Dez artistas – Bruno Baptistelli, Clarice Lima, Dora Smék, Fernanda Gassen, Fernanda Pessoa, Gabriela Mureb, Gustavo Torrezan, Marília Furman, Paul Setúbal e Rafael Pagatini – confabulam pesquisas, estratégias, ensaios, enunciados, registros e formas de ação conscientes no presente, refletindo permanentemente sobre a possibilidade de vida politizada, coletiva e libidinosa, que não se deixa findar e que não espera pelo futuro prometido das narrativas da religião purificadora, da bonança econômica neoliberal e da crença velada nas formas limitadoras de operar a política democrática e liberal.
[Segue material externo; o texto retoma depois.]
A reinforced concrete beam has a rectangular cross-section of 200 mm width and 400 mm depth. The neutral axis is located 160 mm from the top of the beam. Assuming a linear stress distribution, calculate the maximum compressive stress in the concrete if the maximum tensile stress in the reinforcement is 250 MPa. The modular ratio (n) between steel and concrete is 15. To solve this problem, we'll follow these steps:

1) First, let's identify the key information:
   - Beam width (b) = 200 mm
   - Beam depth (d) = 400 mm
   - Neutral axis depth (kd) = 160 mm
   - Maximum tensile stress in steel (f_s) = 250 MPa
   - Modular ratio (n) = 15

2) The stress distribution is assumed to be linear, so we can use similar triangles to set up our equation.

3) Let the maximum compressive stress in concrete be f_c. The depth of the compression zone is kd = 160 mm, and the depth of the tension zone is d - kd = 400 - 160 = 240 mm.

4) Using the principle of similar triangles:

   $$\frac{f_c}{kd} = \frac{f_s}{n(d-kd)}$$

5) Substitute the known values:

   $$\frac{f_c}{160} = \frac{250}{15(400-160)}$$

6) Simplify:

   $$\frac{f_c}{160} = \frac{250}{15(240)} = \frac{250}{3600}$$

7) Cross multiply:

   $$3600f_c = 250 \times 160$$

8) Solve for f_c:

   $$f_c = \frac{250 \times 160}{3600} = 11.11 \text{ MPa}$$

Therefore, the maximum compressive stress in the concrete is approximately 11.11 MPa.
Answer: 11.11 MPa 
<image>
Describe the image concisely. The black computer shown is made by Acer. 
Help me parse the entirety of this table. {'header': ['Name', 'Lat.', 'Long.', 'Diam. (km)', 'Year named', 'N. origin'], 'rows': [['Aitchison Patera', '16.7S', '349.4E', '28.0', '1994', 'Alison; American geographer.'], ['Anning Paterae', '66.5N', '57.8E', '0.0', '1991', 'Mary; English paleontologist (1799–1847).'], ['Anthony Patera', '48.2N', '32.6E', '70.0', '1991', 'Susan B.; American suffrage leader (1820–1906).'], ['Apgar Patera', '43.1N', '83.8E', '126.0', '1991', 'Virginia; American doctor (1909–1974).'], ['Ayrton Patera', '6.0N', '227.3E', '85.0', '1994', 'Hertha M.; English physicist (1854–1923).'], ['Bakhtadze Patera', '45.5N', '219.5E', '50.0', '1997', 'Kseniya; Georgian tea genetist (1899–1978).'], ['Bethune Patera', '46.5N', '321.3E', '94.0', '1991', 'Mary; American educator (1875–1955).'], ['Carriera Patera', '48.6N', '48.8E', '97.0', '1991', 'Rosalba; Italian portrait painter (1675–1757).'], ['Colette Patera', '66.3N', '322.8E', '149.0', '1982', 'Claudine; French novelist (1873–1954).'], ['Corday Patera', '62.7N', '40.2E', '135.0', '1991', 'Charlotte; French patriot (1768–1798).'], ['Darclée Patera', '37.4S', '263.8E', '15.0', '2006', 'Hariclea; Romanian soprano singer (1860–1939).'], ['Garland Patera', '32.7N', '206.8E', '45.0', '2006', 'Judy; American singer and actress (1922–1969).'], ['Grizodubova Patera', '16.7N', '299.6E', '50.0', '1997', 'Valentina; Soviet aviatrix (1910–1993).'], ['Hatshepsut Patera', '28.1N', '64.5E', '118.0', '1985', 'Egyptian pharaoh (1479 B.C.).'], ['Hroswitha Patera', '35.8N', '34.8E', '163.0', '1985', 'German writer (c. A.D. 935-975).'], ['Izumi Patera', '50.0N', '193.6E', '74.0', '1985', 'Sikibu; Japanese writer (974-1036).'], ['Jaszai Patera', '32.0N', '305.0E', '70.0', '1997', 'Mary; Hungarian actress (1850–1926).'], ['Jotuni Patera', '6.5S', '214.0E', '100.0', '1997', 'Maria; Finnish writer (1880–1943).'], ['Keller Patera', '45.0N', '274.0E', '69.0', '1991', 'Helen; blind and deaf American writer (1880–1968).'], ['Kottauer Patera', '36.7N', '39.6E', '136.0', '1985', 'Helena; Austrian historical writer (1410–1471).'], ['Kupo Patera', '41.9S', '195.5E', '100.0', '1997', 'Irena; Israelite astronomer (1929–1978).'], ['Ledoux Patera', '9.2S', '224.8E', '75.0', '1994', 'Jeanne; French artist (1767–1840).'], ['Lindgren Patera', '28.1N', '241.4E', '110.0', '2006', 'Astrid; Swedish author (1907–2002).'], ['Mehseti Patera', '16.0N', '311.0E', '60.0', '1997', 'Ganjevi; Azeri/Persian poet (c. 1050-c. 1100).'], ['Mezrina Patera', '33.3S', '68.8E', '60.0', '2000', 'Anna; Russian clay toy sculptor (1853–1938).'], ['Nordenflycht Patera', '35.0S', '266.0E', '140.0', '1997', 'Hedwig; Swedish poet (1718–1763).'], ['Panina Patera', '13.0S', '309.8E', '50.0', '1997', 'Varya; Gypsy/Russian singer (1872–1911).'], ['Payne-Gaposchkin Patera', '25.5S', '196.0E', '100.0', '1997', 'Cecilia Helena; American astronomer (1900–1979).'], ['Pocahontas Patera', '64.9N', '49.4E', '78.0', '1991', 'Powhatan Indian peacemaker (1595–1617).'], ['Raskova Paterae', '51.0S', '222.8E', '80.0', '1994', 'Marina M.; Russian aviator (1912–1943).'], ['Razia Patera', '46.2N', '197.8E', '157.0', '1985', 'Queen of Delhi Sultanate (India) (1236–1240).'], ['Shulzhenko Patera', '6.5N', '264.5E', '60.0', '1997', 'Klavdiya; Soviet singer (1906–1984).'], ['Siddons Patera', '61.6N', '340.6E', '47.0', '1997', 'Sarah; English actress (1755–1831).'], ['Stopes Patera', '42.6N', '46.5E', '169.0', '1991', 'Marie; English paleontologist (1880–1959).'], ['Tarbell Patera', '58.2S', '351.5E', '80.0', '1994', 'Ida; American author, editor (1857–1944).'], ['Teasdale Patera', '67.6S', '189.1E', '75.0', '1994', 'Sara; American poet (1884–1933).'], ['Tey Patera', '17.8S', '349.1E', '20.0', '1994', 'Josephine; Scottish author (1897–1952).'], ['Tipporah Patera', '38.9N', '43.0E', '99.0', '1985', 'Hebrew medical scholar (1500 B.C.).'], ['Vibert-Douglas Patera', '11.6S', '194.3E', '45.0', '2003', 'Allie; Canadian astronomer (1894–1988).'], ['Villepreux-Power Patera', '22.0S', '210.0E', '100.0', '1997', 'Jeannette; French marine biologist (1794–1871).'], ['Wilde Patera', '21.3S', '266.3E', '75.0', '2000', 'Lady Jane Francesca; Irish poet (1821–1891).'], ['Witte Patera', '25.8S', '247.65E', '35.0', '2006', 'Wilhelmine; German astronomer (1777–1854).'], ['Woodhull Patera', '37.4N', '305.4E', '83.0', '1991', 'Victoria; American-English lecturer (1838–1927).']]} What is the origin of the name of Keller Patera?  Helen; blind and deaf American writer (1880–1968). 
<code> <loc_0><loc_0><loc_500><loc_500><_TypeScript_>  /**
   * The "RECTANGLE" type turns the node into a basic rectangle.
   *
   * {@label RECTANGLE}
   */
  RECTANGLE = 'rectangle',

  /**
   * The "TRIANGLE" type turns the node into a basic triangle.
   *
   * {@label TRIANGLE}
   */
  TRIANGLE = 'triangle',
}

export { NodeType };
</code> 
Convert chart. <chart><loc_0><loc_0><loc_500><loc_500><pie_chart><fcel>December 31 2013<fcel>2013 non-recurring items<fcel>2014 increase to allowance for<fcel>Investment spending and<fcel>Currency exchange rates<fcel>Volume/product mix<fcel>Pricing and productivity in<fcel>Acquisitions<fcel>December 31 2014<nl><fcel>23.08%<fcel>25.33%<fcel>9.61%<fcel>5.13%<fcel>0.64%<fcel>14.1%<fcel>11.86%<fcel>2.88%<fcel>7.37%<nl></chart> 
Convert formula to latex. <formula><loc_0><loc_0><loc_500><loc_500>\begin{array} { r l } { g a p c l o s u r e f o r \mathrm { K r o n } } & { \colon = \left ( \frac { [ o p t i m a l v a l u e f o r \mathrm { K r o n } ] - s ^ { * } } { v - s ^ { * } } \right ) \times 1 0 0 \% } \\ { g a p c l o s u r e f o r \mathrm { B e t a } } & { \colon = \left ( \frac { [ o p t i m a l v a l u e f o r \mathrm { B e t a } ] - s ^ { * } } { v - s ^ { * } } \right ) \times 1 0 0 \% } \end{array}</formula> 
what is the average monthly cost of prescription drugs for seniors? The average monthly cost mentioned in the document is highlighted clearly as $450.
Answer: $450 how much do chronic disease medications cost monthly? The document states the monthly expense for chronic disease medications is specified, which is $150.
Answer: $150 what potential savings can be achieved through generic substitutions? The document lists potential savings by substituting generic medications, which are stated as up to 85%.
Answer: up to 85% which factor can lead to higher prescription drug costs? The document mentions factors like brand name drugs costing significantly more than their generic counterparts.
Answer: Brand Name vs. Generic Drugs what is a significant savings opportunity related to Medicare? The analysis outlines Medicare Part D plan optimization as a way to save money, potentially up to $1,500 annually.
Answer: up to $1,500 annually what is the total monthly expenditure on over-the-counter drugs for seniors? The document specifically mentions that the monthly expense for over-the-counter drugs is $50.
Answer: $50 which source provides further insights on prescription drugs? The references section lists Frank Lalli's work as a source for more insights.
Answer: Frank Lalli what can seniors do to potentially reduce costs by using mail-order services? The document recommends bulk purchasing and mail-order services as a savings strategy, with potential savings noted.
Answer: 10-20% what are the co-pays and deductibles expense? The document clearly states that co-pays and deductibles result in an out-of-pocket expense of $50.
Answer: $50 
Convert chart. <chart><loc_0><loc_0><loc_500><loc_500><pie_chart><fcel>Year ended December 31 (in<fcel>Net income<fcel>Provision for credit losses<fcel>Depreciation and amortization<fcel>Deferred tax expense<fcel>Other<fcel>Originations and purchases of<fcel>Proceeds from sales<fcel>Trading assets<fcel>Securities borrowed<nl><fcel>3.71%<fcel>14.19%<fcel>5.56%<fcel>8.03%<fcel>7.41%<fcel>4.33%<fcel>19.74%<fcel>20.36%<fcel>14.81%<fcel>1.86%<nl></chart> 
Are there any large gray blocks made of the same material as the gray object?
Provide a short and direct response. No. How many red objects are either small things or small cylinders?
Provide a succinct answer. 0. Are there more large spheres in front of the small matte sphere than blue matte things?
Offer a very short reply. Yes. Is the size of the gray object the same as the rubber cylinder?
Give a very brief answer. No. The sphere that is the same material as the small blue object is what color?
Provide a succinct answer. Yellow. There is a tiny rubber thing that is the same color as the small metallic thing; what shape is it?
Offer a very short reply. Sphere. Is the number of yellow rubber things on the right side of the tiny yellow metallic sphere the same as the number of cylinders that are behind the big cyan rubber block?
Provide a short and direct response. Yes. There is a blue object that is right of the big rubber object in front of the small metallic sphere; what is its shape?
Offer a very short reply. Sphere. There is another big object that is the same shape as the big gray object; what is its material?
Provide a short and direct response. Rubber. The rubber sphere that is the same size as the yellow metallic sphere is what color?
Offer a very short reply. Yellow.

Portanto, entende-se que a arte é um caminho para vincular à vida sua qualidade essencial de política.
Tal percepção nasce das provocações advindas de reflexões contemporâneas, especialmente da escrita potente de Franco Berardi. Em seu texto, ao falar de nossa época como momento posterior ao futuro sonhado pelas construções utópicas do século passado, ele nos traz o conceito de futurabilidade: “a multidimensionalidade do futuro, a pluralidade dos futuros inscritos no presente e, também, a composição mutável de intenção coletiva” . De certa maneira, todos os 24 trabalhos dispostos ao longo da galeria fundamentam-se em experiências pensadas por meio da reinvenção contínua do convívio e da sobrevivência no tempo presente. Portanto, são especulações para uma futurabilidade, ensejando constantemente a iminência do possível.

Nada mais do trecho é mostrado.